** WHAT YOU ARE ASKED TO DO **
Go through the entries below and print, exactly, the lines starting at the one with "118, 1157, 142]" and ending at the one with "table_cell [Optional][Default: width:100%]", keeping both ends and no others.

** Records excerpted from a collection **

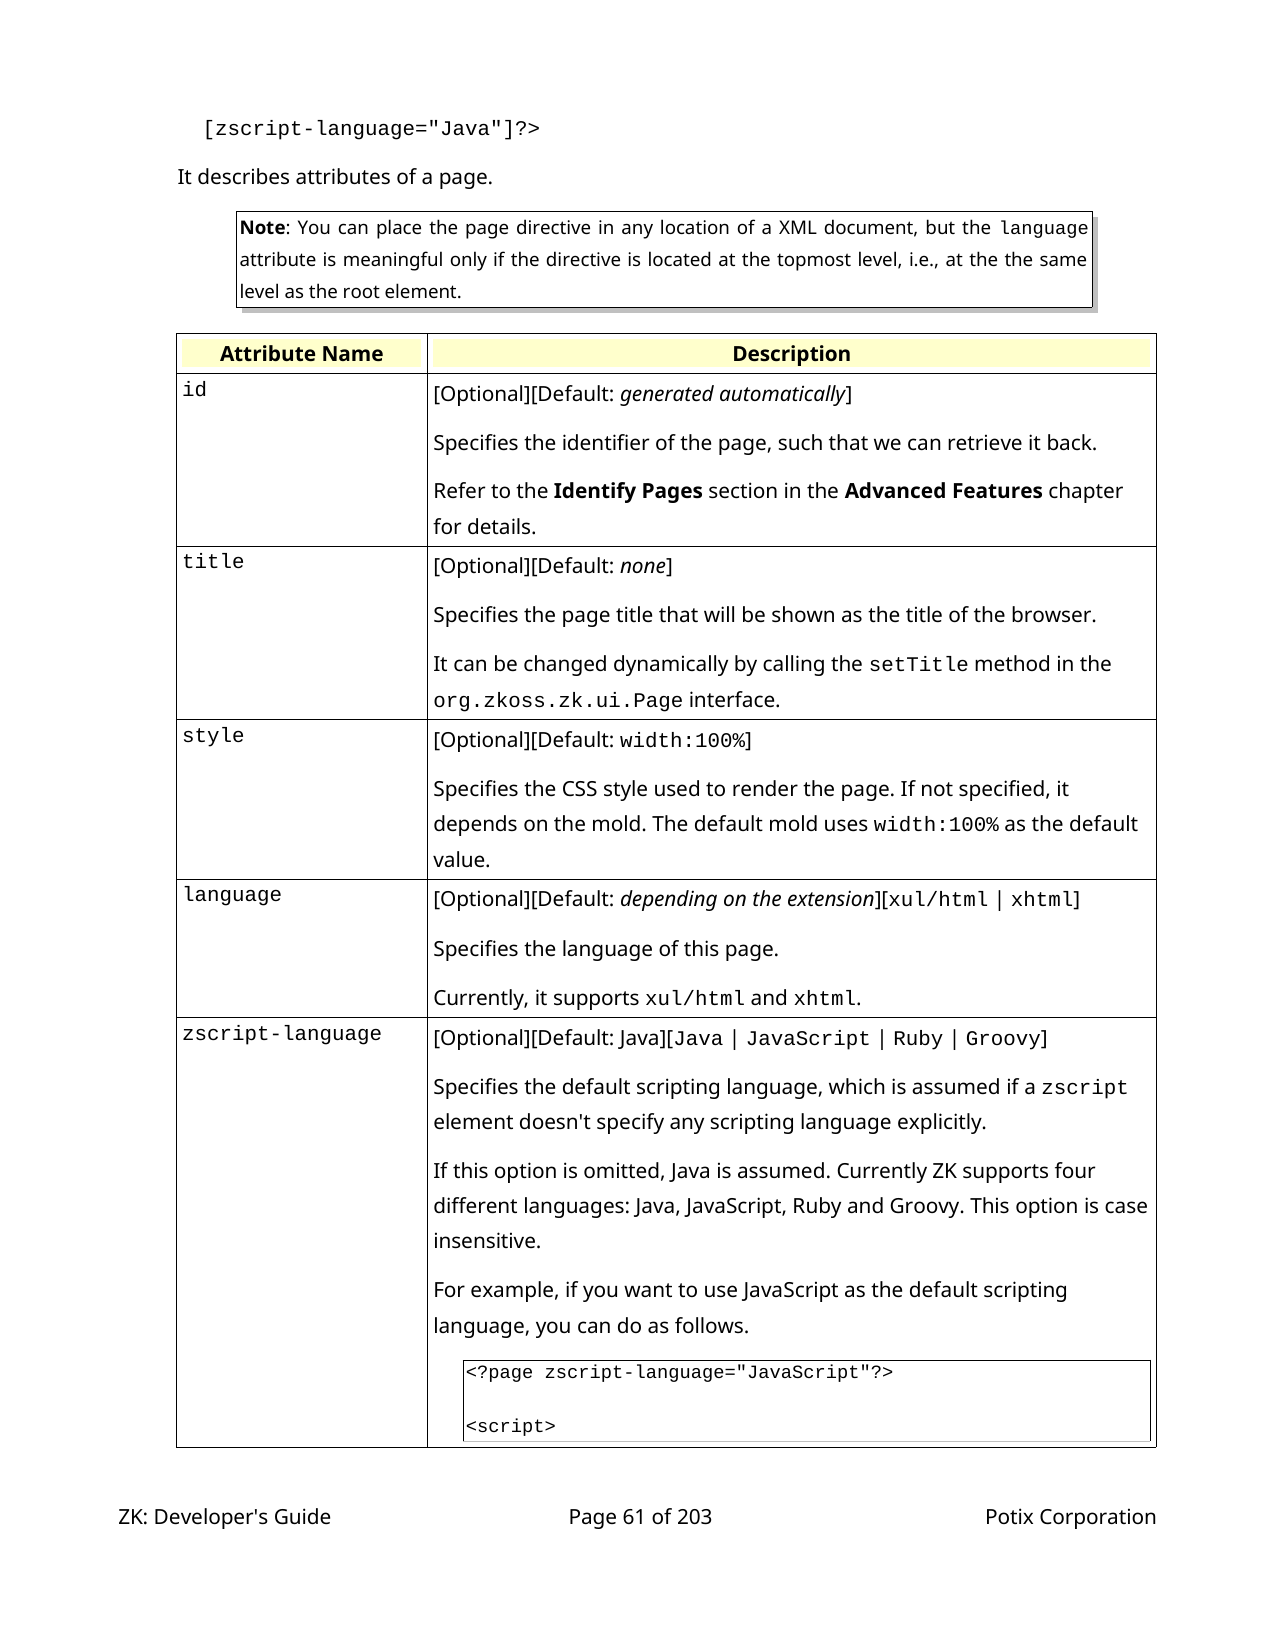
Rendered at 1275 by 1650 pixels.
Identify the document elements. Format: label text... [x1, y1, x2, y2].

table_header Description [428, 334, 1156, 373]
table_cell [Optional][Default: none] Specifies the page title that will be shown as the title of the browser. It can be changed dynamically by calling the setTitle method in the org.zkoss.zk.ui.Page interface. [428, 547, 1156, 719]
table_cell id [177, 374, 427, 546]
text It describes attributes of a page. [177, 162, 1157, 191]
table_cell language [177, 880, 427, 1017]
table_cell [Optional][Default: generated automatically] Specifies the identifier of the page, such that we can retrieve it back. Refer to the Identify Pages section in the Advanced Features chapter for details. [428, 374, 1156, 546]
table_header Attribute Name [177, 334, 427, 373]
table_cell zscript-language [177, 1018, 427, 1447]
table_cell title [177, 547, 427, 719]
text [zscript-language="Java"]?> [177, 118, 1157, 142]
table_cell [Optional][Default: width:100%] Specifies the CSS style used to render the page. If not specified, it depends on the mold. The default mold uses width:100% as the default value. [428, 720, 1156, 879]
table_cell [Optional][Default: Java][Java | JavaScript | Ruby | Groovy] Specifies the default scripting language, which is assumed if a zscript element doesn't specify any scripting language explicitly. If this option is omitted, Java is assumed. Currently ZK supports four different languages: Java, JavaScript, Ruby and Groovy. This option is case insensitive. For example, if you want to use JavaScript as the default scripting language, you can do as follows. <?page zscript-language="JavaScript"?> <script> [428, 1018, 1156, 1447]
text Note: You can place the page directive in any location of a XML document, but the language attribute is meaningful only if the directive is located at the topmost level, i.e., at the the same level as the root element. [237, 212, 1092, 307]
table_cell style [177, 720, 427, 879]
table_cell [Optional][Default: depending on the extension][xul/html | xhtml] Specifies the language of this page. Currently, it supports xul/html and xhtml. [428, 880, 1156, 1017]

...

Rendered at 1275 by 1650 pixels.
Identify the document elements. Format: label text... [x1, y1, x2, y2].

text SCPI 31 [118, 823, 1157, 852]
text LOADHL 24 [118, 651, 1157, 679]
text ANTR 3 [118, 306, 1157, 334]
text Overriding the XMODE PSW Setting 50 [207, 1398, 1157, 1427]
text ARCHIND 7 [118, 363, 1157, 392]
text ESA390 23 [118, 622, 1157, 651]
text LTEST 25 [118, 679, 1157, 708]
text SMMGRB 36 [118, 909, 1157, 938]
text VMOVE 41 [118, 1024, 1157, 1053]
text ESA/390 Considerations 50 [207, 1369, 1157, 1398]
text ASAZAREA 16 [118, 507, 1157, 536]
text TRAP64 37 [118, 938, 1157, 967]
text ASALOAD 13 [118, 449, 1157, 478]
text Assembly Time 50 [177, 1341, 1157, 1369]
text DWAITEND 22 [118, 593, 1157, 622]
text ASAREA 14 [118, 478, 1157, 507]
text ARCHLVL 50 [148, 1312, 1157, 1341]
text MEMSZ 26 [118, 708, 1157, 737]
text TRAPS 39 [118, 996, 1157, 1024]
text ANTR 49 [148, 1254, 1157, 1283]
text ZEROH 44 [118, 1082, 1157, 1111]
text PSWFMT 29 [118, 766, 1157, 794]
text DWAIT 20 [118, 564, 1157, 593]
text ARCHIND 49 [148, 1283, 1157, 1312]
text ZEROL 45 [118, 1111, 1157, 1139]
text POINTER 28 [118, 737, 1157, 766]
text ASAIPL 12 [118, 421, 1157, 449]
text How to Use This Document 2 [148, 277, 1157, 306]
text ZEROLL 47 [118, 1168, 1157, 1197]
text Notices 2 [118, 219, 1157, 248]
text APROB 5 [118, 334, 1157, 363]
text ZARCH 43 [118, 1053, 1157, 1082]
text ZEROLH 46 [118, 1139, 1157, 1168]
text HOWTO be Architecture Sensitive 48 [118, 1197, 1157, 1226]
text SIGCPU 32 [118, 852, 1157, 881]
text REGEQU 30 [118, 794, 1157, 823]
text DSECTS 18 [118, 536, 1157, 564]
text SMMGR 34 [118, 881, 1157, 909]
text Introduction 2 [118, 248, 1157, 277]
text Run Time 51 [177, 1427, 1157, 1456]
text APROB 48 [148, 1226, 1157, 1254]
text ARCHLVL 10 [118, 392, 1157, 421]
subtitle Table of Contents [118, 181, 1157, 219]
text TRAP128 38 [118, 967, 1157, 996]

** TASK SOLUTION **
text [zscript-language="Java"]?> [177, 118, 1157, 142]
table_cell [Optional][Default: width:100%] Specifies the CSS style used to render the page. If not specified, it depends on the mold. The default mold uses width:100% as the default value. [428, 720, 1156, 879]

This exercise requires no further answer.